Hi everyone, we’ve been working on benchmarking different open-source LLMs. We measure, in particular, on the performance of these models once finetued (via QLoRA) on classic NLP downstream tasks like summarization and classification. We also put particular emphasis on benchmarking inference time/cost for these models once deployed.

We’ve just ran our study on the new Zephyr-7B-beta model, a DPO-tuned version of Mistral-7B.

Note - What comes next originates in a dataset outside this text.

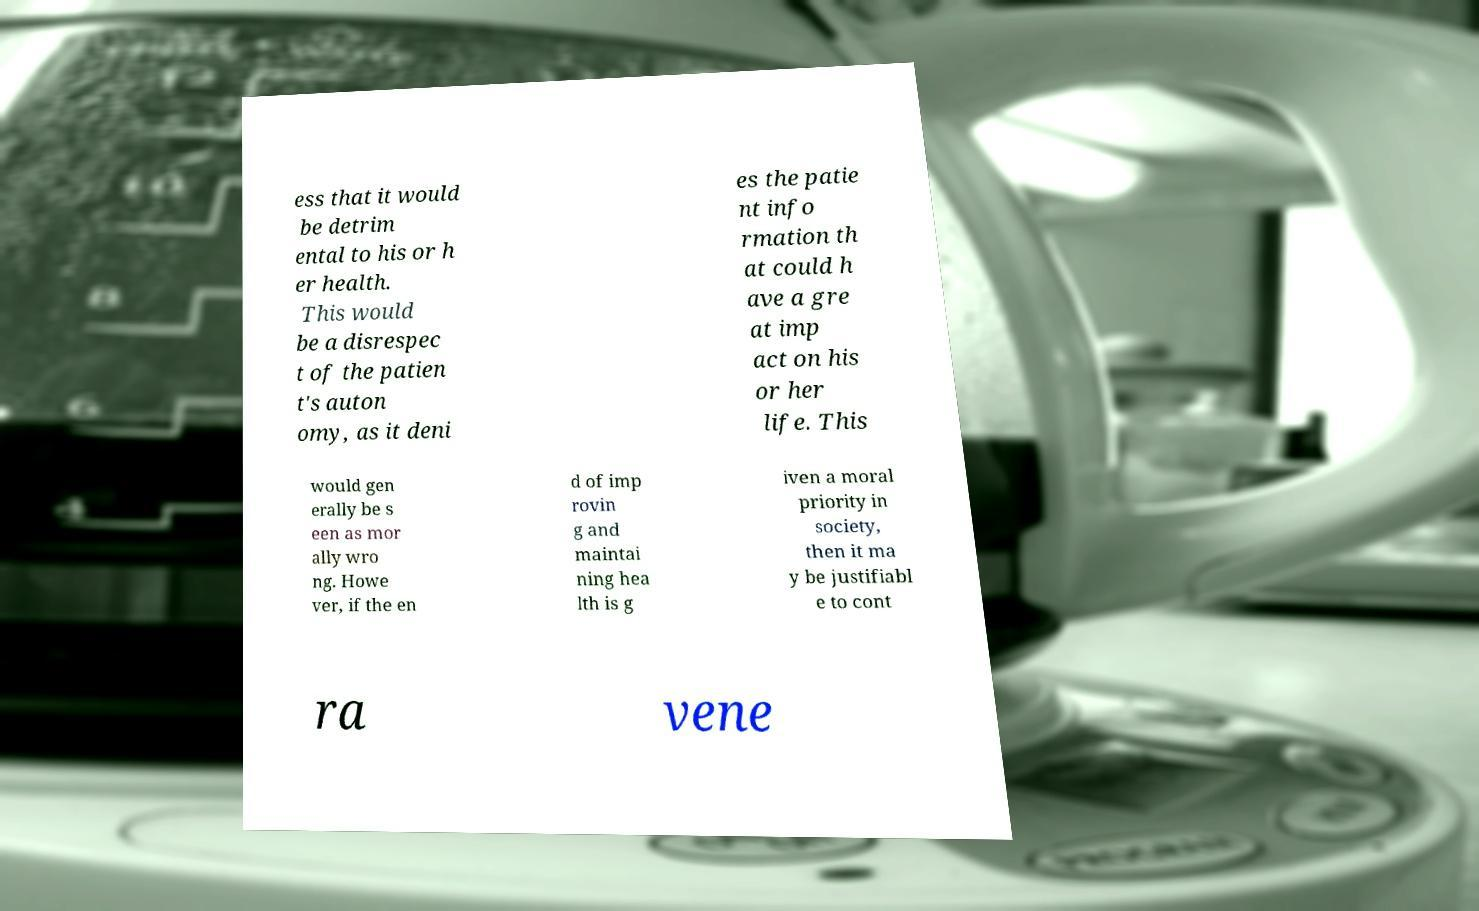Please read and relay the text visible in this image. What does it say? ess that it would be detrim ental to his or h er health. This would be a disrespec t of the patien t's auton omy, as it deni es the patie nt info rmation th at could h ave a gre at imp act on his or her life. This would gen erally be s een as mor ally wro ng. Howe ver, if the en d of imp rovin g and maintai ning hea lth is g iven a moral priority in society, then it ma y be justifiabl e to cont ra vene

We first tested out-of-the-box performance of Zephyr for summarization under zero-shot and few-shot (for classification, we couldn’t do few-shot because of context length, and we haven’t tried zero-shot since most other open source models gave subpar results).

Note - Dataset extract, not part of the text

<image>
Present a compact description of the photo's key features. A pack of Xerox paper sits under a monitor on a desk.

Then we tested the performance after QLoRA fine-tuning and saw substantial performance boost (as it should). Afterwards we experimented levers we can pull to increase model performance (using NEFTune and/or finetuning on all modules as opposed to attention modules only).


Dataset Used: Newsgroup

Rank: 64

Method Zephyr-7B-β Zero-Shot Zephyr-7B-β Few-Shot Fine-Tuning + QLoRA Fine-Tuning + QLoRA + NEFTune Fine-Tuning + QLoRA + Full Module Tuning Fine-Tuning + QLoRA + NEFTune + Full Module Tuning
ROUGE-1 (in %) 33.93 35.99 52.84 52.97 53.50 53.05
ROUGE-2 (in %) 11.21 12.97 27.75 28.44 29.66 29.23
  • We see that zero-shot and few-shot performance is already pretty good out-of-the box
  • QLoRA was able to refine the syntactic style and pithiness of outputs to match that of the training set
  • NEFTune did not improve summarization performance noticeably
  • Tuning all modules (as opposed to attention modules) yielded slightly better results


Dataset Used: Samsum

Rank: 8

Training samples (fraction) Zephyr-7B-β Zephyr-7B-β w/ NEFTune Zephyr-7B-β w/ Full Module Tuning Zephyr-7B-β w/ NEFTune + Full Module Tuning
266 (2.5%) 46.05 49.61 65.36 67.23
533 (5%) 55.66 60.33 72.26 72.94
1066 (10%) 66.48 64.65 73.29 72.82
2666 (25%) 66.73 68.04 74.27 75.85
5332 (50%) 69.54 72.10 74.83 74.40
10664 (100%) 74.90 72.93 77.76 77.86
  • NEFTune boosted performance in low-data regimes
  • Tuning all modules has achived ~10x sample efficiency and better better performance at 100% traning fraction
  • No-Link-2778B
    10 months ago

    Will you consider the non-DPO one? There seems to be a downgrade on NLP tasks compared with the original SFT model.